How does our perception of process excellence play out in an aggressive market place? Is process excellence a barrier to competitiveness? Well, I believe it can be, if the mindset is not prepared for change. Here is why.
In turning our business around, we recognised the need to increase sales; developing $140m new prospects in 6 months and converting this into a 70% increase in first year revenue; a team effort combining the best disciplines of engineering design, manufacturing and service.
Our bids were close to perfect, including the right level of resource and materials. We worked closely with suppliers. We built and installed reliable equipment. We evaluated risk and included appropriate mitigation. Contractually, we offered tight, but fair terms, with appropriate warrantees.

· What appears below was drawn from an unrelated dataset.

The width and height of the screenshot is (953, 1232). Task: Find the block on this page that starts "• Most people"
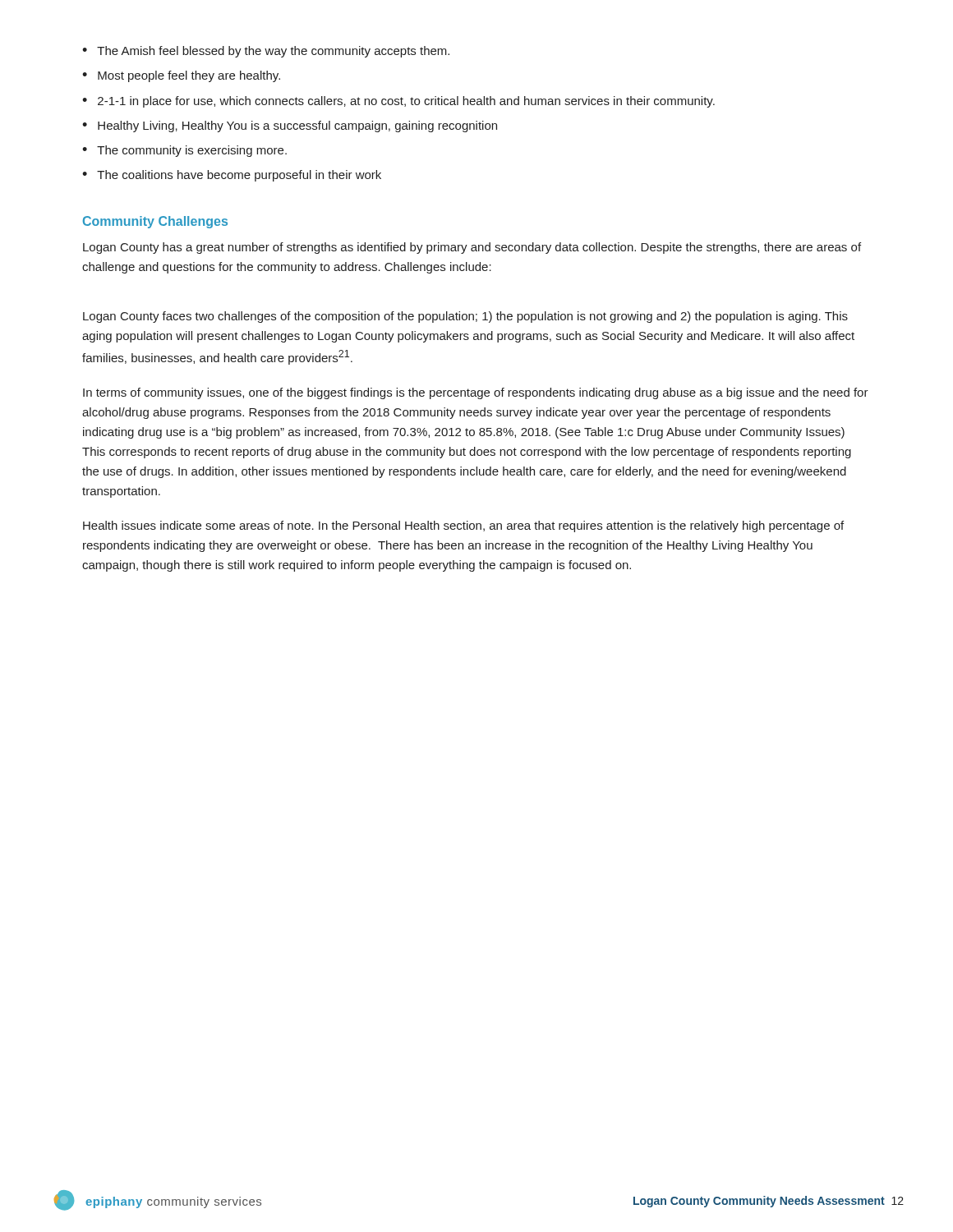click(182, 75)

A winning combination, you might think? Our engineering excellence played well with established customers. Our competitors knew our strengths. Our owners wanted positive cash flow. Lower cost new entrants challenged pricing. How did we all respond?

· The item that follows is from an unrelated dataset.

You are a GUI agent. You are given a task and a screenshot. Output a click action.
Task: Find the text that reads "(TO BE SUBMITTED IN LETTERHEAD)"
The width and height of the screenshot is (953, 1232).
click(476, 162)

Our excellent processes ensured that the original bid was profitable, commercially complete in every detail and would pass the scrutiny of the customer’s buyers and our board’s technical experts.
Our competitors took a different perspective of the project life-cycle. They submitted a lower initial price and were happy to run with negative cash flow for longer. Either through guile or incompetence, they might under-quote on engineering time or forget to include some items. They knew that by the time their work was incorporated into our customer’s large infrastructure project there would be many changes to the successful bid. They also knew that the initial project would be awarded to the lowest bidder and the changes in the years ahead would not be put out to re-tender.
Our competitors gambled on making money from the variations that would be requested later in the cycle. How were we aware of this behaviour? Large bids are opened publically by the awarding organisation. From the numbers read out, we got a quick sense of where competitors’ offers varied from our own. They worked on the presumption that they could correct any mistakes and add back profit via some of the many requested project variations. They knew that changes post project award were commonplace. Our owners, from a service and financial background, did not understand this.
We were sometimes outraged that our competitors acted with lower quality. They were prepared to manage risk and relationships later to ensure profit across the whole life-cycle of the project.
So, my advice to those who pride themselves on process excellence is this. Ensure that your processes are reviewed regularly against the needs of ALL those who benefit. Be aware that your unique selling points can be exploited. Keep your competitors guessing and your Board aware of what you are doing.
Feel free to push back on my observations and have a great week.